Collected data
⁂

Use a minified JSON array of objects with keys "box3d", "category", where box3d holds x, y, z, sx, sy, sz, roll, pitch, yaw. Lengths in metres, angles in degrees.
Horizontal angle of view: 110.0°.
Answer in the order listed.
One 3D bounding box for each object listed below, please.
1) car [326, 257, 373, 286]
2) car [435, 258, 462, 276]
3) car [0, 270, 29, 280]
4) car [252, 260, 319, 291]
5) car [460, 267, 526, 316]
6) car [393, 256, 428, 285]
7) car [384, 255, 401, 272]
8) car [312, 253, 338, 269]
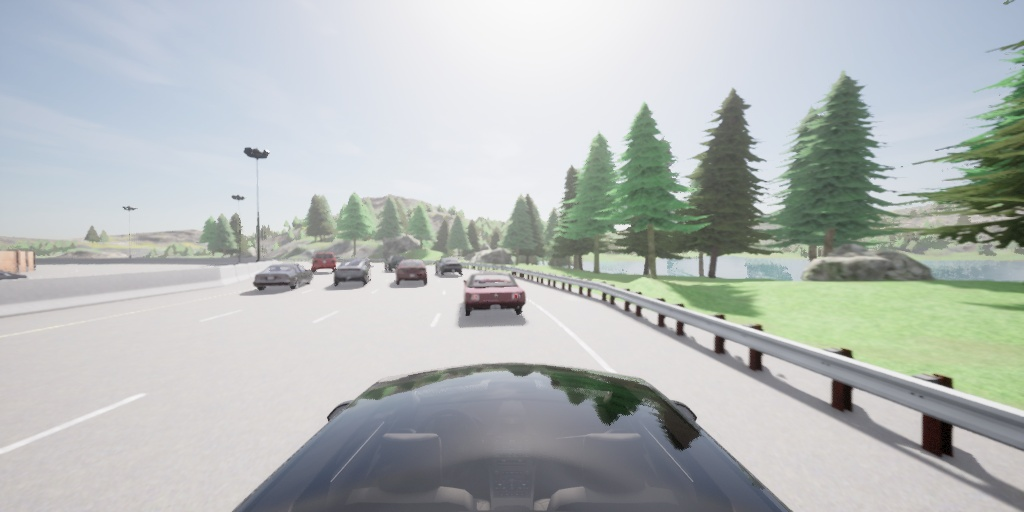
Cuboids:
[{"box3d":[-10.072,1.045,22.941,2.128,1.511,4.902,-1,1,-17],"category":"car"},{"box3d":[-5.665,0.919,31.831,1.837,1.490,4.892,-1,1,-20],"category":"car"},{"box3d":[-22.529,1.237,14.208,2.128,1.511,4.902,-1,1,-11],"category":"car"},{"box3d":[-13.085,1.147,20.793,2.033,1.411,5.357,-1,1,-17],"category":"car"},{"box3d":[-0.806,1.217,12.839,1.895,1.301,4.718,0,1,-8],"category":"car"},{"box3d":[-6.716,0.995,23.967,1.882,1.535,5.008,-1,1,-17],"category":"car"},{"box3d":[-12.667,0.717,39.249,2.097,1.767,4.553,-1,1,-27],"category":"car"},{"box3d":[-19.479,0.660,37.319,2.150,2.045,5.566,-1,1,-27],"category":"car"}]
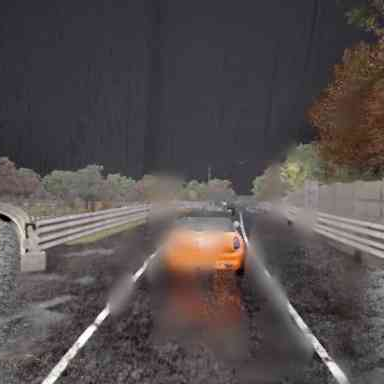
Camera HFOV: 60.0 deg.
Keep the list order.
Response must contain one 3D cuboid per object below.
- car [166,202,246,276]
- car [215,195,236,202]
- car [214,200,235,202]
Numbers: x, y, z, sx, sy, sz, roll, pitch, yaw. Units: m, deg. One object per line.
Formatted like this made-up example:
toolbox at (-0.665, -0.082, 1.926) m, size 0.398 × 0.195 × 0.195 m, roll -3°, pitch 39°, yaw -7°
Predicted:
car at (0.465, 1.357, 10.555) m, size 2.097 × 1.767 × 4.553 m, roll 0°, pitch 0°, yaw 3°
car at (3.511, 1.377, 35.555) m, size 2.150 × 2.045 × 5.566 m, roll 0°, pitch -1°, yaw 8°
car at (1.393, 1.502, 20.461) m, size 2.128 × 1.511 × 4.902 m, roll 0°, pitch 0°, yaw 7°
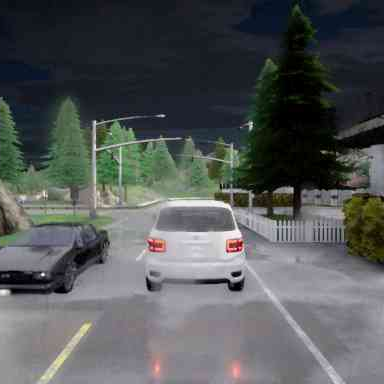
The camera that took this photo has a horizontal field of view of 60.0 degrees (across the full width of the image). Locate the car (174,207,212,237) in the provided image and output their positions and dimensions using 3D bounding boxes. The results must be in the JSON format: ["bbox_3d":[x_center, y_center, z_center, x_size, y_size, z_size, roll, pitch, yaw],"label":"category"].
[{"bbox_3d":[0.017,1.601,18.895,1.895,1.301,4.718,0,0,0],"label":"car"}]

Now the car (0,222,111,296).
[{"bbox_3d":[-3.630,1.547,9.054,2.033,1.411,5.357,0,0,0],"label":"car"}]

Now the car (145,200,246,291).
[{"bbox_3d":[0.064,1.221,9.132,2.150,2.045,5.566,0,0,0],"label":"car"}]
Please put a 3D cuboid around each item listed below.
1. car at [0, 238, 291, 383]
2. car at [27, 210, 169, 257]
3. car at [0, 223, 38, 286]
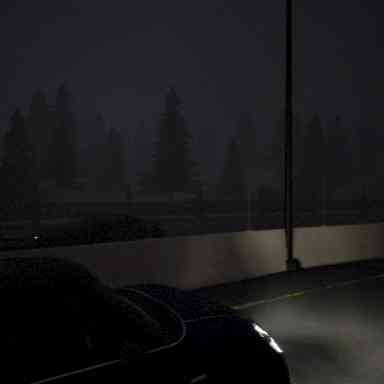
[{"bbox_3d":[-1.292,1.351,2.652,4.553,1.767,2.097,0,0,-35],"label":"car"},{"bbox_3d":[-3.799,1.556,13.856,5.357,1.411,2.033,0,0,-32],"label":"car"},{"bbox_3d":[-6.405,1.592,7.901,4.718,1.301,1.895,0,0,-35],"label":"car"}]
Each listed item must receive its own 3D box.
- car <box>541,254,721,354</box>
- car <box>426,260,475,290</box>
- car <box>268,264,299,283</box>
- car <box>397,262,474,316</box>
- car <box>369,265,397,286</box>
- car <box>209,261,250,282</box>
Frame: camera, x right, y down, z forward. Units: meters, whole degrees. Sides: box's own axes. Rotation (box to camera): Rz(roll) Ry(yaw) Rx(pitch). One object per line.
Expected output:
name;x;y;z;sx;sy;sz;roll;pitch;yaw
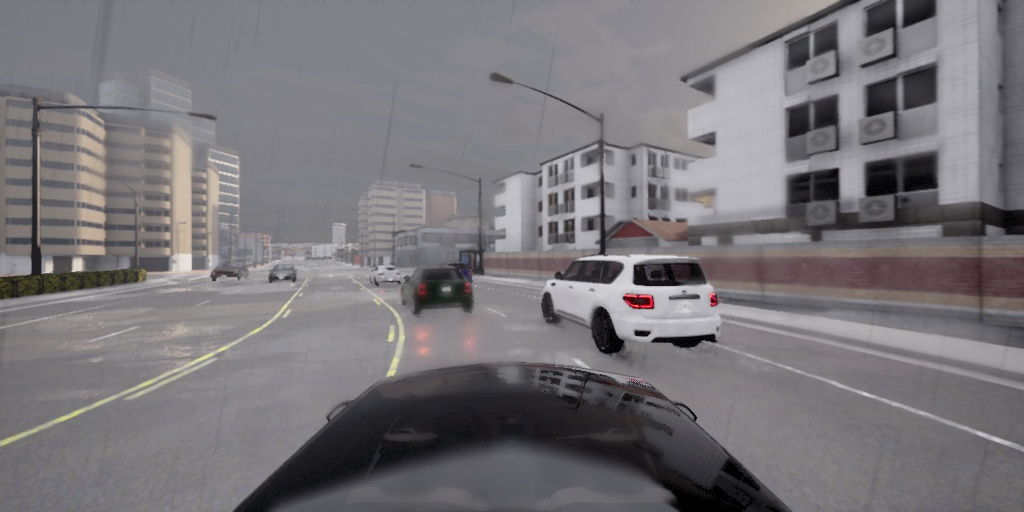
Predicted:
car;2.500;0.989;9.097;2.150;2.045;5.566;0;0;-14
car;-4.329;1.204;24.587;2.097;1.767;4.553;0;0;-27
car;-19.119;1.440;30.093;2.128;1.511;4.902;0;0;-28
car;-3.054;1.160;14.039;2.097;1.767;4.553;0;0;-23
car;-9.516;1.409;27.018;1.812;1.442;4.674;0;0;-27
car;-22.205;1.136;28.439;2.033;1.411;5.357;0;0;-28
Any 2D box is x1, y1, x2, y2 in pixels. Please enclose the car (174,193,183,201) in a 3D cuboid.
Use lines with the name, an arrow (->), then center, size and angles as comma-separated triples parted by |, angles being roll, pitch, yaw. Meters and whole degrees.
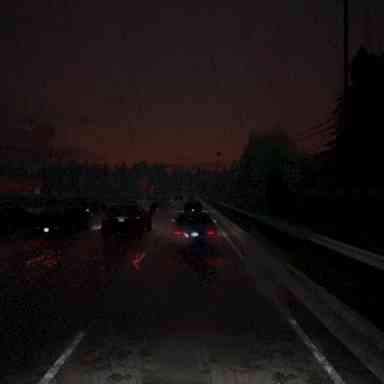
car -> -3.530, 1.406, 87.915 | 2.150, 2.045, 5.566 | 0, 0, 0

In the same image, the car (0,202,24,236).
car -> -10.406, 1.542, 18.763 | 1.837, 1.490, 4.892 | 0, 0, 0

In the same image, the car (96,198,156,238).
car -> -3.407, 1.391, 18.161 | 2.097, 1.767, 4.553 | 0, 0, 0

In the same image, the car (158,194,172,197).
car -> -7.030, 1.720, 87.883 | 2.033, 1.411, 5.357 | 0, 0, 0

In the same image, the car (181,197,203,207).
car -> 0.088, 1.582, 35.612 | 1.837, 1.490, 4.892 | 0, 0, 0

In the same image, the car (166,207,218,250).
car -> 0.096, 1.579, 14.443 | 2.033, 1.411, 5.357 | 0, 0, 0

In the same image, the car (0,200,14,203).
car -> -19.406, 1.576, 34.719 | 1.837, 1.490, 4.892 | 1, 0, -26

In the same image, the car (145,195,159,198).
car -> -10.530, 1.680, 87.882 | 1.837, 1.490, 4.892 | 0, 0, 0

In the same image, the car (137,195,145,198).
car -> -14.030, 1.734, 88.298 | 1.994, 1.385, 4.181 | 0, 0, 0

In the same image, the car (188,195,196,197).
car -> -0.030, 1.537, 88.273 | 2.097, 1.767, 4.553 | 0, 0, 0

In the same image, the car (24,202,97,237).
car -> -6.906, 1.543, 18.197 | 1.837, 1.490, 4.892 | 0, 0, 0

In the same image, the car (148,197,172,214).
car -> -3.412, 1.581, 35.578 | 1.837, 1.490, 4.892 | 0, 0, 0

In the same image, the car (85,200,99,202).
car -> -10.411, 1.580, 35.590 | 1.837, 1.490, 4.892 | 0, 0, 0
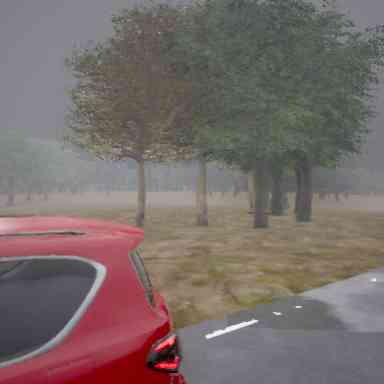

⁂

Your assignment
Copy out the lines of the data where the word "below" can be found.

Your solution
One 3D bounding box for each object listed below, please.
Response must contain one 3D cuboid per object below.
Please put a 3D cuboid around each item listed below.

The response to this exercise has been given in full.